Department of Psychiatry and Biobehavioral Sciences, David Geffen School of Medicine, University of California, Los Angeles, CA 90095, USA.
Trends Cogn Sci. 2011 Sep;15(9):428-35. doi: 10.1016/j.tics.2011.07.002. Epub 2011 Aug 2.

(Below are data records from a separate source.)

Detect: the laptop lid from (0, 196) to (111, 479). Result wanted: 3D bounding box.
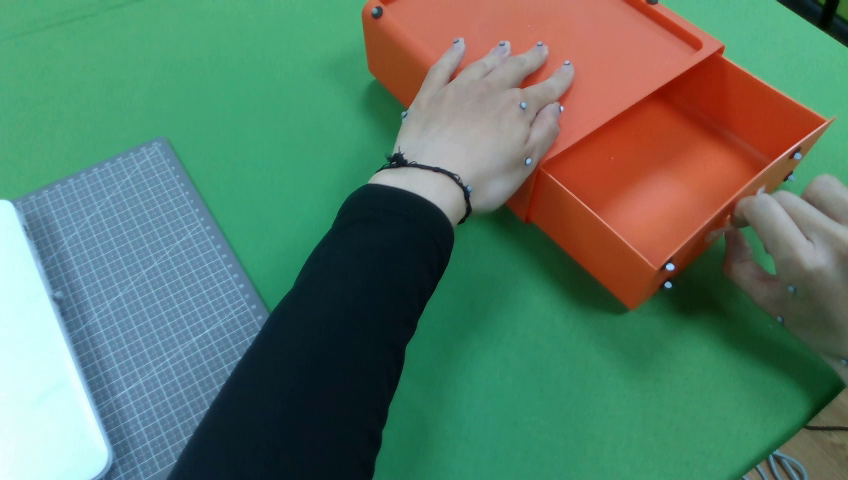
[{"bbox_3d":[-0.390,0.128,0.349,0.357,0.013,0.239,-27,64,-16],"label":"laptop lid"}]

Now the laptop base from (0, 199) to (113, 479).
[{"bbox_3d":[-0.391,0.133,0.360,0.354,0.023,0.233,-29,66,-17],"label":"laptop base"}]

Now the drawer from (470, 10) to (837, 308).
[{"bbox_3d":[0.154,-0.084,0.463,0.194,0.074,0.210,-35,64,-19],"label":"drawer"}]

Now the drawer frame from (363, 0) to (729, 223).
[{"bbox_3d":[0.092,-0.147,0.502,0.201,0.083,0.211,-34,63,-19],"label":"drawer frame"}]
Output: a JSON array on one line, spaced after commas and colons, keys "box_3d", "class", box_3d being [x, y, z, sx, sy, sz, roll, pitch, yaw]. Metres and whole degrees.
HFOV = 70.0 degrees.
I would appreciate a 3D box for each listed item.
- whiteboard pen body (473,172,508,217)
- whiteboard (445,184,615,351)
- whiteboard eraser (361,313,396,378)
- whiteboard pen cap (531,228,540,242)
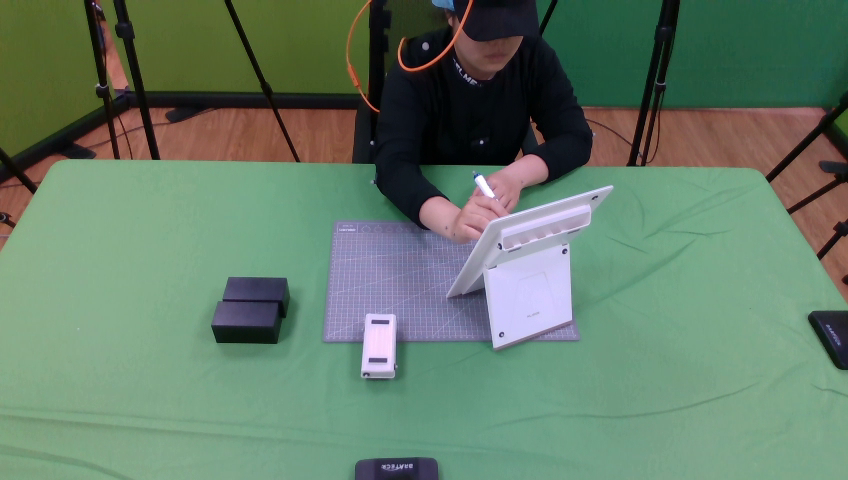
[{"box_3d": [0.124, -0.055, 1.011, 0.017, 0.017, 0.140, -24, 72, -24], "class": "whiteboard pen body"}, {"box_3d": [0.187, 0.066, 0.989, 0.217, 0.306, 0.143, -15, 68, -18], "class": "whiteboard"}, {"box_3d": [-0.075, 0.176, 1.006, 0.055, 0.042, 0.112, 3, 50, -4], "class": "whiteboard eraser"}, {"box_3d": [0.225, -0.011, 1.221, 0.018, 0.018, 0.033, 12, 29, 8], "class": "whiteboard pen cap"}]
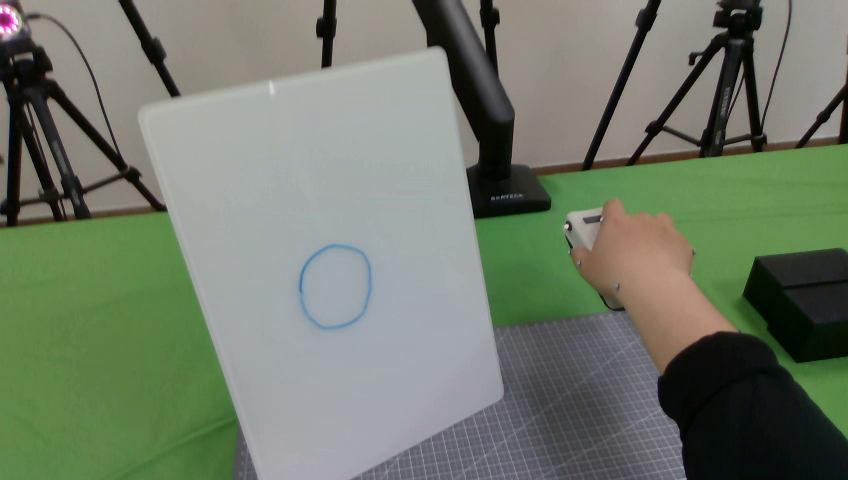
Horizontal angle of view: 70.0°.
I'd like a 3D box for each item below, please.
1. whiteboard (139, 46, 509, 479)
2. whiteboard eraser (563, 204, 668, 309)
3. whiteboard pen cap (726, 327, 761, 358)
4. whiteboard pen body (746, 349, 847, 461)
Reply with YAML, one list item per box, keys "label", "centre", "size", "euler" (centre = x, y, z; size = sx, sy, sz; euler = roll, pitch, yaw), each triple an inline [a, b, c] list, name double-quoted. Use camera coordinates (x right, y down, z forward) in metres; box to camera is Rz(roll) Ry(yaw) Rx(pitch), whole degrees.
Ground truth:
- label: "whiteboard"
  centre: [-0.078, 0.020, 0.503]
  size: [0.218, 0.307, 0.142]
  euler: [-20, 19, -24]
- label: "whiteboard eraser"
  centre: [0.182, 0.015, 0.585]
  size: [0.056, 0.042, 0.111]
  euler: [-13, 47, -9]
- label: "whiteboard pen cap"
  centre: [0.307, 0.100, 0.579]
  size: [0.018, 0.018, 0.033]
  euler: [-8, 33, -10]
- label: "whiteboard pen body"
  centre: [0.318, 0.133, 0.532]
  size: [0.017, 0.017, 0.139]
  euler: [-7, 34, -9]
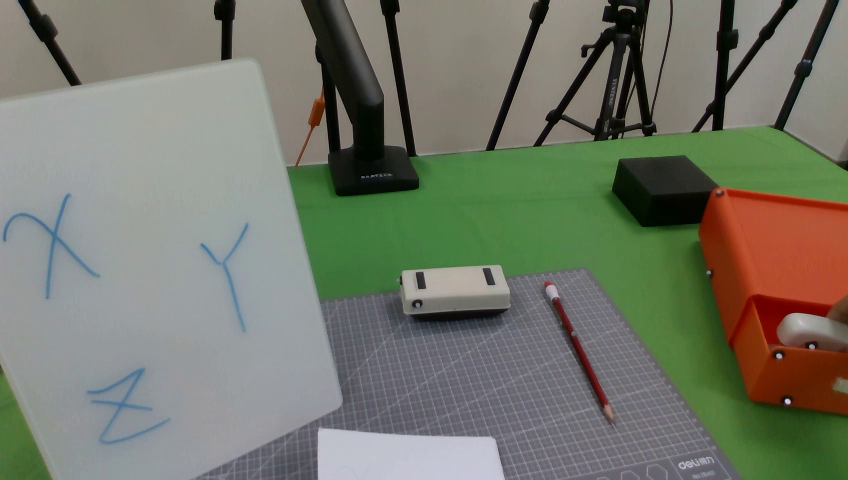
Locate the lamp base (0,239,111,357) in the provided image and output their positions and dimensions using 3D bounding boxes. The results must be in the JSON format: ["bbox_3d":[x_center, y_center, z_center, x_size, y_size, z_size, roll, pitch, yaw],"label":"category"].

Cognitive impairments are central to schizophrenia and could mark underlying biological dysfunction but efforts to detect genetic associations for schizophrenia or cognitive phenotypes have been disappointing. Phenomics strategies emphasizing simultaneous study of multiple phenotypes across biological scales might help, particularly if the high heritabilities of schizophrenia and cognitive impairments are due to large numbers of genetic variants with small effect. Convergent evidence is reviewed, and a new collaborative knowledgebase - CogGene - is introduced to share data about genetic associations with cognitive phenotypes, and enable users to meta-analyze results interactively. CogGene data demonstrate the need for larger studies with broader representation of cognitive phenotypes. Given that meta-analyses will probably be necessary to detect the small association signals linking the genome and cognitive phenotypes, CogGene or similar applications will be needed to enable collaborative knowledge aggregation and specify true effects.
认知障碍是精神分裂症的核心特征,可能标志着潜在的生物学功能障碍,但寻找与精神分裂症或认知表型相关的遗传关联的努力一直令人失望。强调跨生物尺度同时研究多个表型的表型组学策略可能会有所帮助,特别是如果精神分裂症和认知障碍的高遗传性是由于大量具有小效应的遗传变异引起的。本文回顾了一致性证据,并介绍了一个新的合作知识库 - CogGene - 来共享与认知表型相关的遗传关联数据,并使用户能够进行交互式的元分析结果。CogGene 数据表明需要更大规模的研究,以更广泛地代表认知表型。鉴于可能需要进行荟萃分析来检测将基因组与认知表型联系起来的小关联信号,因此需要 CogGene 或类似的应用程序来实现协作知识聚合和指定真实效果。